Одиночные пикеты в поддержку Тибета 4 и 5 апреля 2008 г. (Оставить комментарий)



...были прекращены представителями правопорядка. Прочесть об этом и ряде публичных акций и высказываний можно (на английском языке) в статье Сергея Чернова на первой и второй страницах газеты "The St. Petersburg Times" № 27 (1363) от 8 апреля 2008 г., а также ниже - в электронном варианте с сайта газеты.

Photo: Grigory Pashukevich

Alexander Gudimov of Youth Yabloko is stopped by the police as he approaches the Chinese Consulate.

Anti-Torch Protests Thwarted by Massive Security

Staff Writer


As the Bejing Olympic flame passed with pomp through St.
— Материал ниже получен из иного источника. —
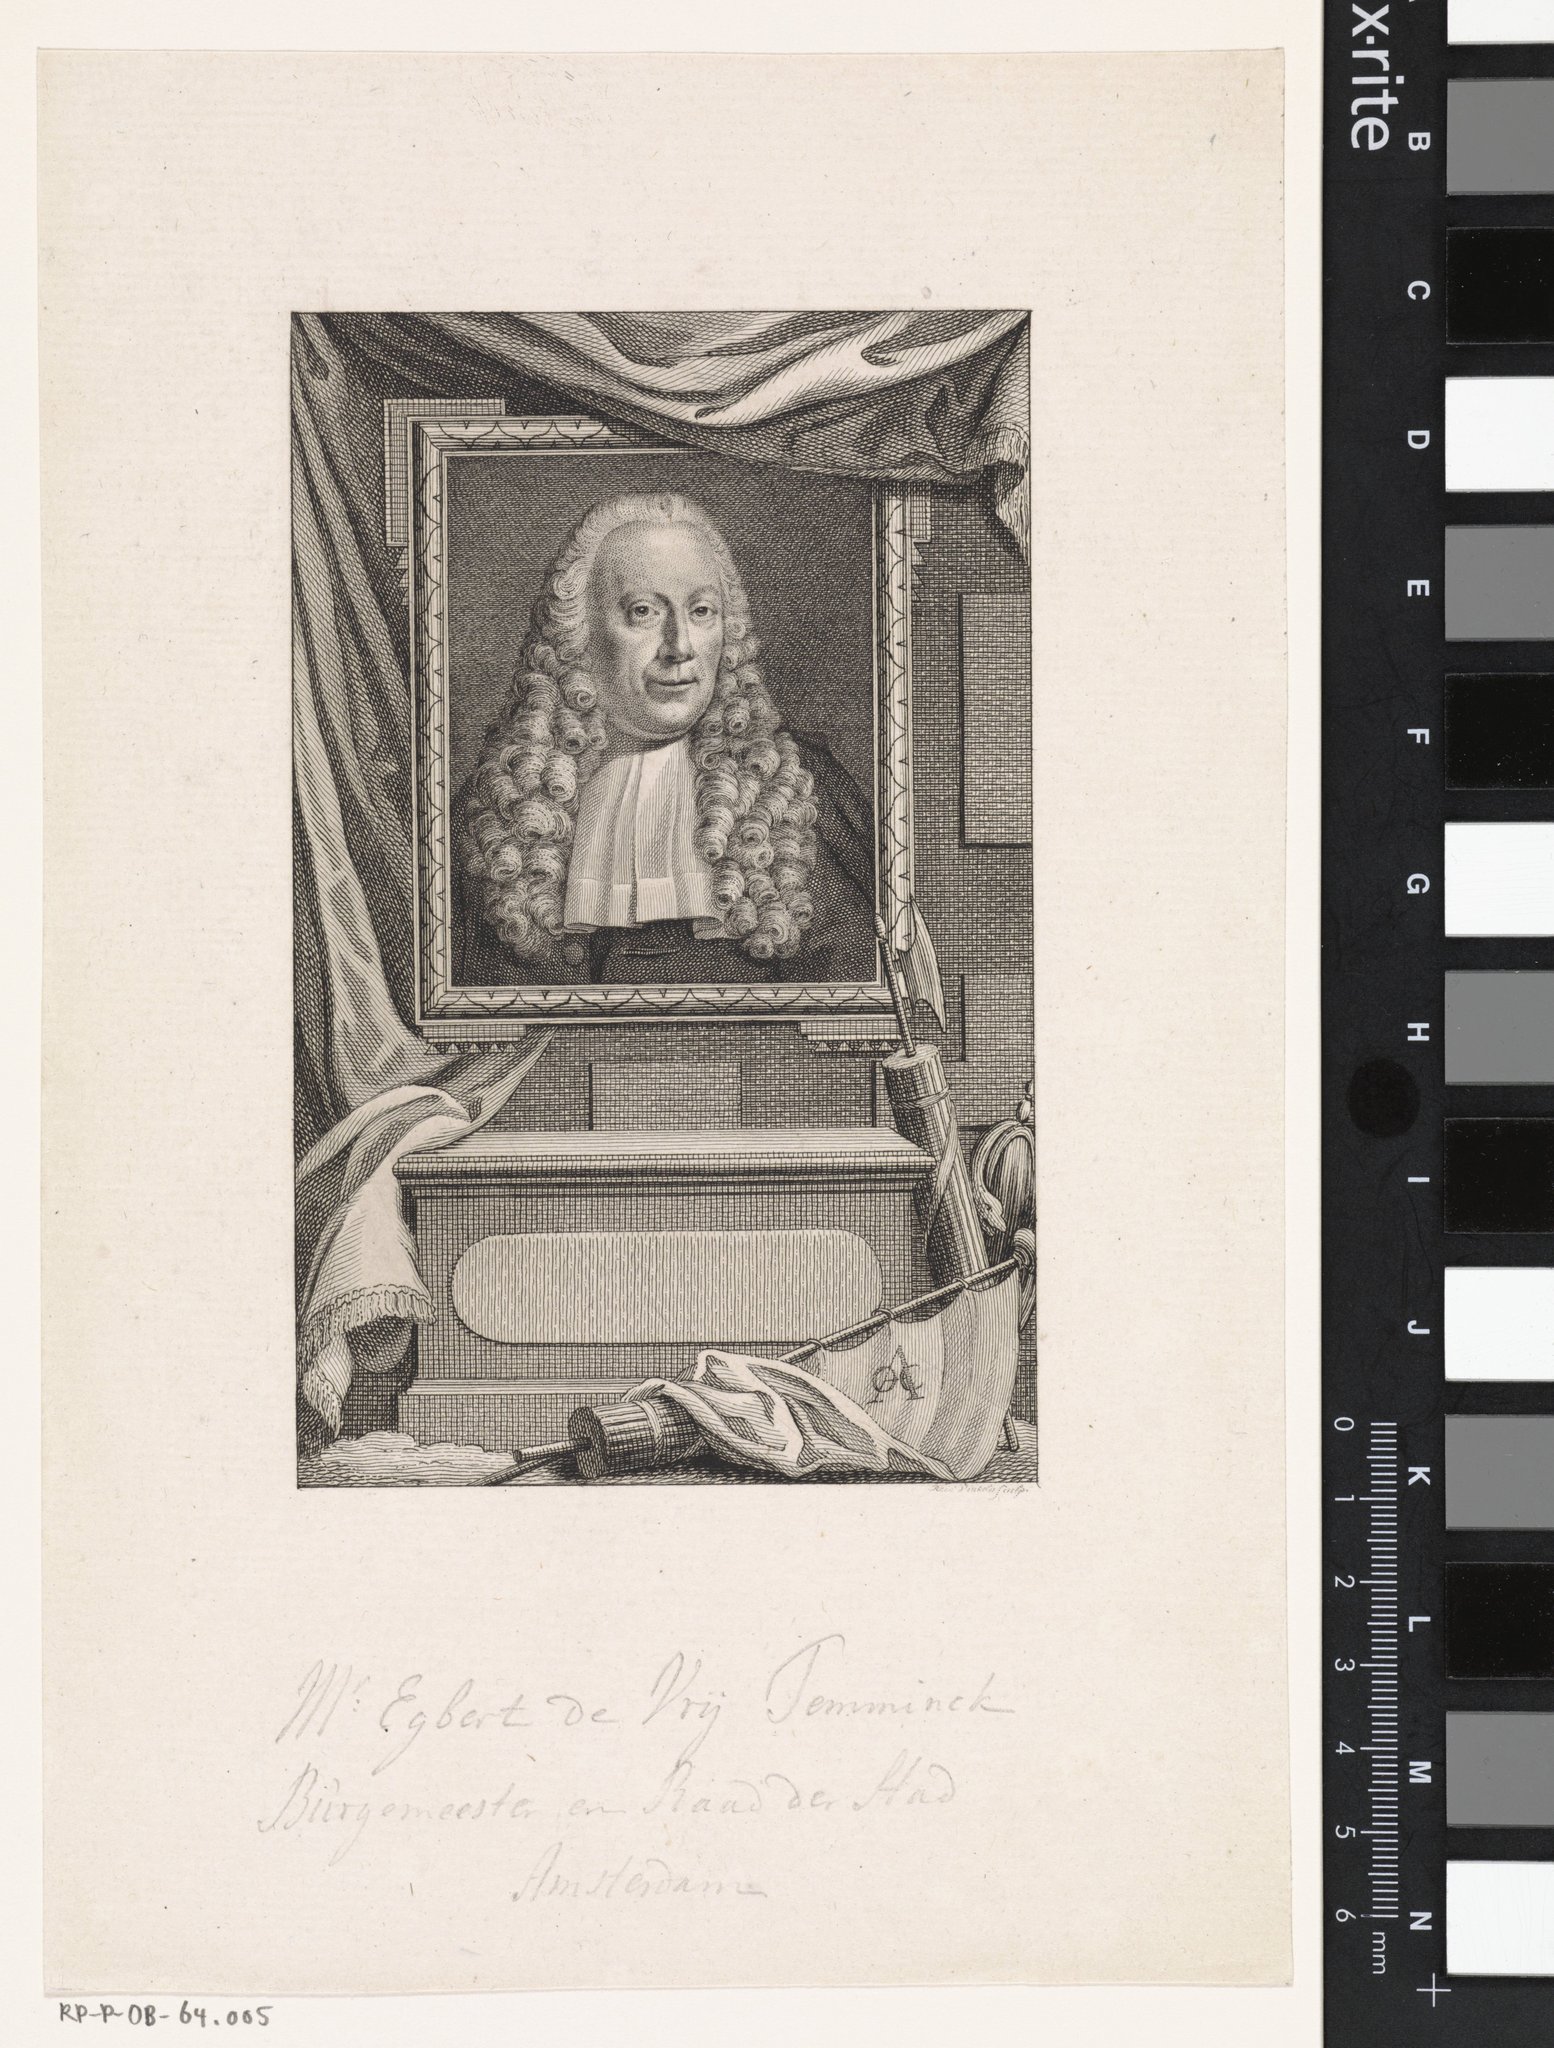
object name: print
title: Portret van Egbert de Vrij Temminck
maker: reinier vinkeles (i)
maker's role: draughtsman, print maker
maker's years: 1741-1816
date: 1786-1809
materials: paper
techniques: engraving, etching
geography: amsterdam
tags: mayor, egbert de vrij temminck, symbols and allegories of law; 'legge', 'legge civile' (ripa) (+ 'fasces cum securibus'), insignia of companies, etc.
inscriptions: collector's mark: Lugt 240
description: Latere staat prent ook gebruikt als boekillustratie in: Wagenaar, Jan. Vaderlandsche historie, (...) ten vervolge van Wagenaars Vaderlandsche historie. Dl. 1-43. Amsterdam: Johannes Allart, 1786-1809.

Petersburg on Saturday, small protests against human rights abuses in China were curbed by the authorities despite having either been previously agreed with the administration or not requiring such agreement under Russian law.

Unlike in London and Paris, where the relay was overshadowed on Sunday and Monday by protests against the Chinese government’s ongoing brutal clampdown on demonstrations in Tibet, in which exiled Tibetan leaders claim up to 150 people have been killed, St. Petersburg authorities attempted to prevent or suppress even solitary protests.

Security officials in Paris snuffed out the Olympic torch and carried it through Paris in the safety of a bus at least five times Monday as protests against China’s human rights record turned the relay into a chaotic series of stops and starts, The Associated Press reported.

However, St. Petersburg’s relay two days earlier saw thousands of police and OMON special forces deployed, as classes in schools were canceled with students dispatched, in a Soviet-style arrangement, to demonstrate enthusiasm along the torch’s route.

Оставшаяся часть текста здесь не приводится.